"What's a Nice Girl Like You Doing. . . ?"

“What’s a nice girl like you doing writing horror short stories?” I’m asked, many times. The answer is as difficult to formulate as it is easy.
Well, let’s see. . . . The binary opposite of good is evil, and the binary opposite of light is dark. If we are to agree that one can’t exist unless the other does, it might come closer to explaining my interest in horror.
I caution to add that just because my characters choose the dark and often frightening paths, it does not imply that their writer must do the same. Maybe another way of putting this is I allow my characters total free will. Ah, there we go again with the so-called good–the ability to choose right from wrong, virtue from sin.
The latter is true in my recently published short story “The Pack” published in the anthology Ugly Babies 2, where Hannah chooses to go into the woods after six p.m., looking for her run-away dog. This is a choice she makes against the better judgment of her husband and the security guard at Timber Lodge. Is it any wonder then that she must pay the consequence?

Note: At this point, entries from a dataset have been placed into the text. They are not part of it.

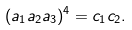<formula> <loc_0><loc_0><loc_500><loc_500>( a _ { 1 } a _ { 2 } a _ { 3 } ) ^ { 4 } = c _ { 1 } c _ { 2 } .</formula> 
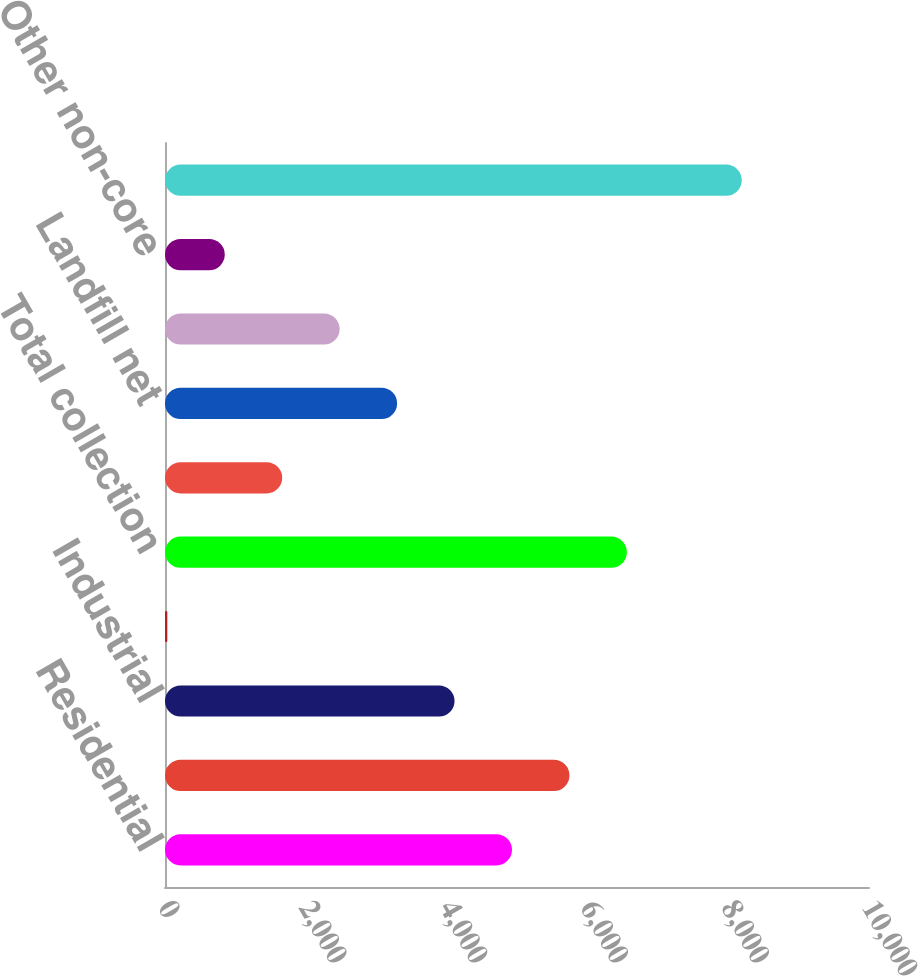<chart> <loc_0><loc_0><loc_500><loc_500><bar_chart><fcel>Residential<fcel>Commercial<fcel>Industrial<fcel>Other<fcel>Total collection<fcel>Transfer net<fcel>Landfill net<fcel>Sale of recyclable materials<fcel>Other non-core<fcel>Total revenue<nl><fcel>4928.9<fcel>5744.9<fcel>4112.9<fcel>32.9<fcel>6560.9<fcel>1664.9<fcel>3296.9<fcel>2480.9<fcel>848.9<fcel>8192.9<nl></chart> 
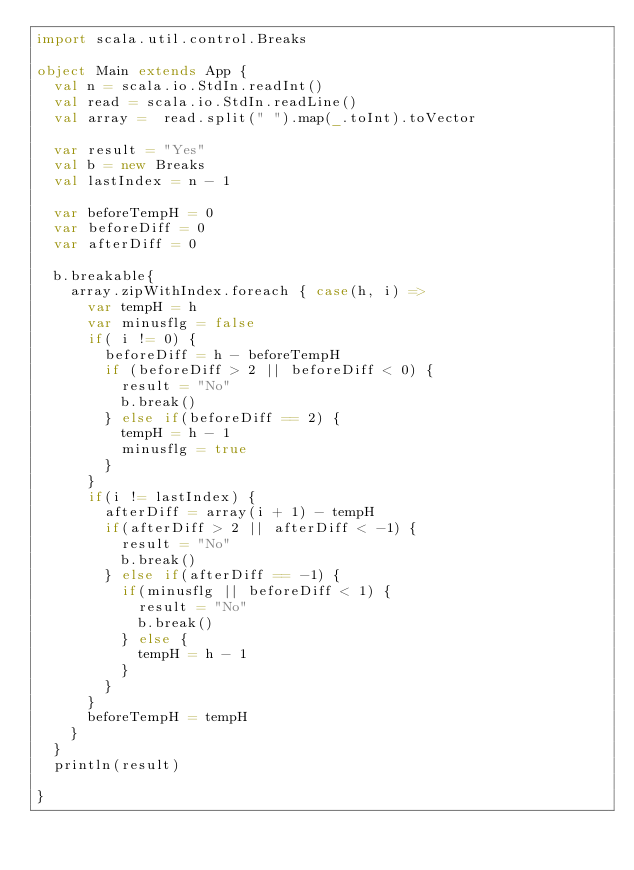<code> <loc_0><loc_0><loc_500><loc_500><_Scala_>import scala.util.control.Breaks

object Main extends App {
  val n = scala.io.StdIn.readInt()
  val read = scala.io.StdIn.readLine()
  val array =  read.split(" ").map(_.toInt).toVector

  var result = "Yes"
  val b = new Breaks
  val lastIndex = n - 1

  var beforeTempH = 0
  var beforeDiff = 0
  var afterDiff = 0

  b.breakable{
    array.zipWithIndex.foreach { case(h, i) =>
      var tempH = h
      var minusflg = false
      if( i != 0) {
        beforeDiff = h - beforeTempH
        if (beforeDiff > 2 || beforeDiff < 0) {
          result = "No"
          b.break()
        } else if(beforeDiff == 2) {
          tempH = h - 1
          minusflg = true
        }
      }
      if(i != lastIndex) {
        afterDiff = array(i + 1) - tempH
        if(afterDiff > 2 || afterDiff < -1) {
          result = "No"
          b.break()
        } else if(afterDiff == -1) {
          if(minusflg || beforeDiff < 1) {
            result = "No"
            b.break()
          } else {
            tempH = h - 1
          }
        }
      }
      beforeTempH = tempH
    }
  }
  println(result)

}</code> 
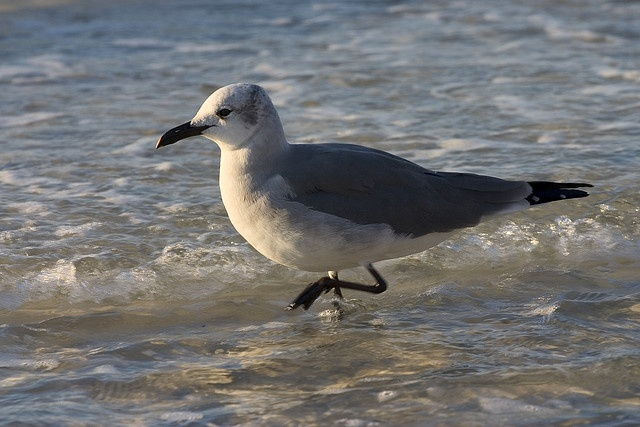Describe the objects in this image and their specific colors. I can see a bird in gray, black, darkgray, and tan tones in this image. 
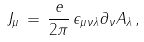Convert formula to latex. <formula><loc_0><loc_0><loc_500><loc_500>J _ { \mu } \, = \, \frac { e } { 2 \pi } \, \epsilon _ { \mu \nu \lambda } \partial _ { \nu } A _ { \lambda } \, ,</formula>

Other times, it’s only a matter of being in the wrong place at the wrong time as when the gargoyle in my short story “In the Shadow of the Square” (the Were Traveler) suddenly and unexpected falls from his pinnacle atop the cathedral and lands in St. Mark’s Square in Venice.
Life is life. We hear the expression, “Bad things happen to good people,” meaning that often things are out of our control. Life isn’t always fair for us or for characters.
The world is far from a perfect place, and until it is, horror will continue to take place both realistically and in fiction.